Last week, shareholder Arnhold and S. Bleichroeder Advisors LLC sent a letter to Reckson’s board of directors informing them that the firm will vote against the merger until the non-core assets are re-marketed. Arnhold and S. Bleichroeder owns 835,000 shares, or about 1%. “We are writing to inform you of our current intention to vote all of our eligible shares against adoption of the merger agreement with SL Green Realty Corp,” the letter stated. “We will consider lending our support to the merger only if the Board of Reckson takes the necessary steps to achieve maximum value for the portfolio.”

Arnhold and S. Bleichroeder’s main concern is that SL Green was only interested in the core assets and therefore shareholders are not getting the greatest value for their stock. SL Green plans to sell back the non-core properties to a group of Reckson investors, headed by CEO Scott Rechler for $2.1 billion. “We have concluded that these properties were inadequately marketed to potential acquirers… Accordingly we believe an open and thorough auction of these assets has the potential to deliver significantly more value to Reckson shareholders. Mack-Cali has openly expressed interest in the non-core properties.

Arnhold and S. Bleichroeder declined to comment on the letter or any kind of response the company may have received from Reckson. For its part, Reckson has acknowledged receiving the letter but had no comment other than, “The company remains committed to this value creating transaction. We have been meeting with Reckson shareholders over the past weeks and are pleased with the level of support expressed for this transaction,” according to a company spokeswoman.

Reckson’s Q3 results, announced last week, showed lower than expected funds from operation. A year before the diluted FFO were $51.7 million, or $0.61 per share compared to Q3 2006′s diluted FFO of $42.6 million of $0.50 per share. In the statement about the company’s results, Rechler said, “We weren’t pleased but we weren’t surprised that FFO dropped this quarter. These trends are consistent with some of the pressures that we have been seeing in the competitive market recently and consistent with the rationale for our pending transaction with SL Green.”

Analysts from both Citigroup and Credit Suisse issued opinions Monday on the pending merger and encouraged shareholders to approve the deal, especially in the wake of last quarter’s results. “Reckson’s 3Q results came in significantly below expectations, underscoring our view a higher bidder is unlikely to emerge,” said John Stewart and Michael Gorman of Credit Suisse in a statement. “We see significant downside to (Reckson) in the event activist shareholders succeed in blocking the transaction.”

Citigroup, which served as a financial advisor to Reckson in the transaction, agreed failure to approve the merger would be detrimental. “We think the worst thing for Reckson’s shareholders at this time would be for the SL Green merger to fall apart,” the report said. Operating fundamentals appear somewhat strained, consistent with the view we had in May, when we cut (Reckson) to sell.” Jonathan Litt and Michael Bilerman issued Citigroup’s opinion.
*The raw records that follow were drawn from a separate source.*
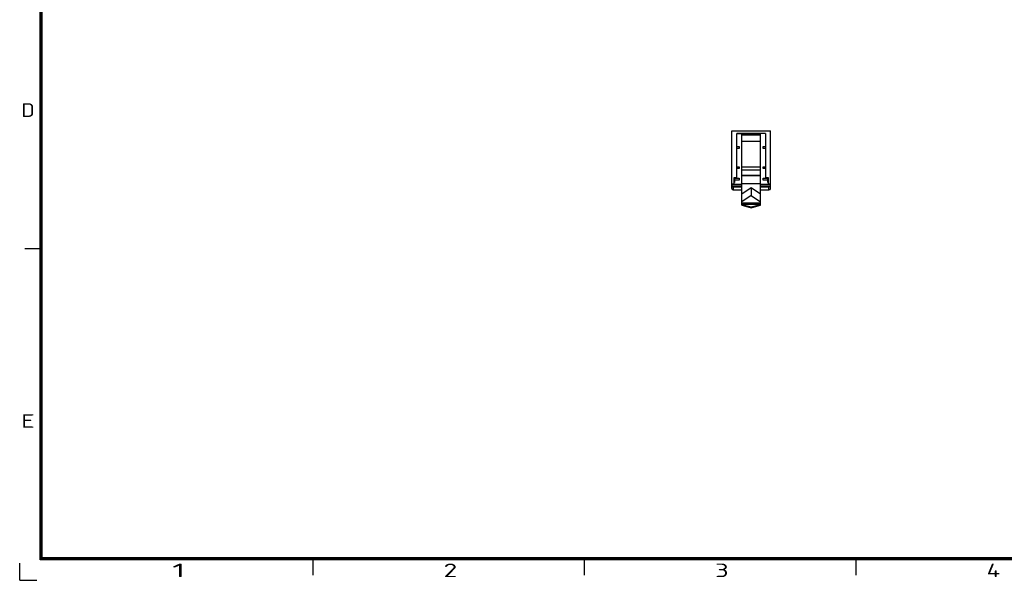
# Model space of a CAD drawing. Extents: x 23 to 2175, y 26 to 490.
# Tile 39 of 55: x 1514 to 1831, y 27 to 207. Entities that reach past the tile are written whole.
import ezdxf
from ezdxf.enums import TextEntityAlignment as Align

# ---------------------------------------------------------------- set-up
doc = ezdxf.new("R2010")
doc.units = 0
doc.header["$LTSCALE"] = 23.1
doc.header["$MEASUREMENT"] = 0
doc.layers.get('0').update_dxf_attribs({"linetype": 'CONTINUOUS', "lineweight": 25})
doc.layers.add('outline', color=7, linetype='CONTINUOUS', lineweight=25)
doc.styles.get("Standard").update_dxf_attribs({"font": 'isocp3.shx', "bigfont": 'gbcbig.shx'})

# ---------------------------------------------------------------- blocks, each defined once
blk = doc.blocks.new('A3')
at = {"color": 7}
for p, q in [((4.24, 4.24), (4.24, 295.1)), ((4.47, 4.47), (4.47, 294.88)), ((4.69, 4.69), (4.69, 294.65)), ((4.47, 68.88), (1.08, 68.88)), ((422.79, 4.24), (4.24, 4.24)), ((422.57, 4.47), (4.47, 4.47)), ((422.34, 4.69), (4.69, 4.69)), ((60.97, 4.47), (60.97, 1.08)), ((117.47, 4.47), (117.47, 1.08)), ((173.97, 4.47), (173.97, 1.08))]:
    blk.add_line(p, q, dxfattribs=at)
at = {"layer": 'outline'}
for q in [(0, 3.54), (3.54, 0)]:
    blk.add_line((0, 0), q, dxfattribs=at)
at = {"color": 7}
for s, width, p, p2 in [('D', 1.414518, (0.3, 96.34), (3.13, 96.34)), ('E', 1.818182, (0.3, 31.7), (3.13, 31.7)), ('1', 2.857143, (31.69, 0.66), (34.52, 0.66)), ('2', 1.639186, (88.19, 0.66), (91.02, 0.66)), ('3', 1.690842, (144.69, 0.66), (147.52, 0.66)), ('4', 1.538462, (201.19, 0.66), (204.02, 0.66))]:
    blk.add_text(s, height=2.82, dxfattribs=dict(at, width=width)).set_placement(p, p2, align=Align.FIT)
at = {"layer": 'outline'}
for tag, p in [('XXXE', (314.78, 30.61)), ('XXXC', (347.81, 30.61)), ('XXXA', (398.56, 30.61)), ('XXXG', (272.29, 23.61)), ('XXXK', (288.54, 22.59)), ('XXXF', (314.78, 23.61)), ('XXXD', (347.81, 23.61)), ('XXXB', (398.56, 23.61)), ('XXXM', (275.67, 6.73))]:
    blk.add_attdef(tag, text='', height=2.5, dxfattribs=at).set_placement(p, align=Align.CENTER)
blk.add_attdef('XXXJ', text='', height=2.5, dxfattribs=at).set_placement((277.85, 17.63), align=Align.MIDDLE_RIGHT)

msp = doc.modelspace()

# ---------------------------------------------------------------- linework, layer by layer
at = {"color": 7, "linetype": 'Continuous'}
for p, q in [((1743.14, 152.68), (1743.14, 171.18)), ((1743.14, 171.18), (1755.64, 171.18)), ((1744.74, 156.18), (1744.74, 170.38)), ((1754.04, 170.38), (1744.74, 170.38)), ((1744.74, 170.33), (1746.49, 170.33)), ((1744.99, 170.33), (1745.04, 170.38)), ((1746.39, 147.26), (1746.39, 170.12)), ((1746.39, 170.12), (1752.39, 170.12)), ((1746.39, 169.96), (1752.39, 169.96)), ((1746.49, 170.38), (1746.49, 170.33)), ((1752.29, 170.33), (1752.29, 170.38)), ((1754.04, 170.33), (1752.29, 170.33)), ((1752.39, 147.26), (1752.39, 170.12)), ((1754.04, 170.38), (1754.04, 156.18)), ((1755.64, 152.68), (1755.64, 171.18)), ((1744.74, 166.13), (1745.49, 166.13)), ((1745.49, 165.54), (1744.74, 165.54)), ((1745.49, 166.13), (1745.49, 165.54)), ((1752.39, 167.76), (1746.39, 167.76)), ((1753.29, 165.54), (1753.29, 166.13)), ((1753.29, 166.13), (1754.04, 166.13)), ((1754.04, 165.54), (1753.29, 165.54)), ((1744.74, 159.65), (1745.49, 159.65)), ((1745.49, 159.06), (1744.74, 159.06)), ((1745.49, 159.65), (1745.49, 159.06)), ((1746.39, 159.66), (1752.39, 159.66)), ((1746.39, 158.61), (1752.39, 158.61)), ((1753.29, 159.65), (1754.04, 159.65)), ((1753.29, 159.06), (1753.29, 159.65)), ((1754.04, 159.06), (1753.29, 159.06)), ((1743.94, 154.18), (1743.94, 156.18)), ((1743.94, 156.18), (1744.74, 156.18)), ((1743.94, 155.8), (1743.99, 155.8)), ((1743.99, 156.18), (1743.99, 154.6)), ((1743.99, 155.92), (1745.49, 155.92)), ((1745.49, 155.92), (1745.49, 155.33)), ((1746.39, 156.96), (1752.39, 156.96)), ((1752.39, 156.69), (1746.39, 156.69)), ((1753.29, 155.92), (1754.79, 155.92)), ((1753.29, 155.33), (1753.29, 155.92)), ((1754.04, 156.18), (1754.84, 156.18)), ((1754.79, 154.6), (1754.79, 156.18)), ((1754.79, 155.8), (1754.84, 155.8)), ((1754.84, 156.18), (1754.84, 154.18)), ((1743.14, 154.18), (1743.94, 154.18)), ((1743.14, 154.03), (1746.39, 154.03)), ((1743.17, 153.55), (1746.39, 153.55)), ((1743.64, 153.07), (1743.64, 152.18)), ((1746.39, 153.07), (1743.64, 153.07)), ((1743.94, 155.38), (1743.99, 155.38)), ((1743.99, 155.33), (1743.94, 155.33)), ((1743.99, 154.61), (1743.94, 154.61)), ((1745.49, 155.33), (1743.99, 155.33)), ((1746.39, 154.3), (1752.39, 154.3)), ((1746.39, 150.98), (1749.39, 153.01)), ((1749.39, 153.01), (1752.39, 150.98)), ((1749.39, 153.01), (1749.39, 150.37)), ((1752.39, 154.03), (1755.64, 154.03)), ((1752.39, 153.55), (1755.62, 153.55)), ((1755.14, 153.07), (1752.39, 153.07)), ((1754.79, 155.33), (1753.29, 155.33)), ((1754.84, 155.38), (1754.79, 155.38)), ((1754.79, 155.33), (1754.84, 155.33)), ((1754.84, 154.61), (1754.79, 154.61)), ((1754.84, 154.18), (1755.64, 154.18)), ((1755.14, 152.18), (1755.14, 153.07)), ((1743.64, 152.18), (1746.39, 152.18)), ((1749.39, 150.37), (1746.39, 148.33)), ((1749.39, 150.37), (1752.39, 148.33)), ((1752.39, 152.18), (1755.14, 152.18)), ((1746.39, 148.04), (1752.39, 148.04)), ((1752.39, 147.54), (1746.39, 147.54)), ((1749.39, 146.6), (1746.39, 147.39)), ((1746.39, 147.26), (1749.39, 146.46)), ((1752.39, 147.39), (1749.39, 146.6)), ((1749.39, 146.46), (1752.39, 147.26)), ((1749.39, 146.6), (1749.39, 146.46))]:
    msp.add_line(p, q, dxfattribs=at)
for centre, start, end in [((1743.64, 152.68), 180, 270), ((1755.14, 152.68), 270, 360)]:
    msp.add_arc(centre, 0.5, start, end, dxfattribs=at)
for centre, start_param, end_param in [((1743.64, 153.71), -4.712389, -4.390638), ((1755.14, 153.71), -1.892547, -1.570796)]:
    msp.add_ellipse(centre, major_axis=(0, 0.527), ratio=0.948683, start_param=start_param, end_param=end_param, dxfattribs=at)
for points, knots in [([(1743.17, 153.55), (1743.21, 153.43), (1743.34, 153.23), (1743.54, 153.1), (1743.64, 153.07)], [0, 0, 0, 0, 0.540563, 1, 1, 1, 1]), ([(1755.62, 153.55), (1755.58, 153.43), (1755.45, 153.23), (1755.24, 153.1), (1755.14, 153.07)], [0, 0, 0, 0, 0.540557, 1, 1, 1, 1])]:
    msp.add_open_spline(points, degree=3, knots=knots, dxfattribs=at)

# ---------------------------------------------------------------- block references
at = {"layer": 'outline', "xscale": 1.548034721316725, "yscale": 1.548034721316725, "zscale": 1.548034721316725}
msp.add_blockref('A3', (1513.8, 26.55), dxfattribs=at)

doc.saveas('drawing.dxf')

But it remains uncertain if shareholders can gain greater value for the non-core assets. Arnhold and S. Bleichroeder completes its letter with, “We welcome the opportunity to find out how much more than $2.1 billion an unaffiliated third party might pay for the non-core assets after a full and fair auction process, whether SL Green or another party ultimately acquires the core assets.” Credit Suisse sees the potential of garnering a higher price in an open auction on the suburban assets SL Green plans to sell off. Citigroup said, “It appears that Scott Rechler is not getting a sweetheart deal for the assets he is buying.”

Both companies express thoughts of a ‘conspiracy theory’ that Reckson posted understated Q3 results to make the merger more attractive. “The cynic in us questions whether the earnings miss in the quarter was designed to ensure that the deal gets done, as the sudden rise in expenses seems well-timed,” Citigroup said.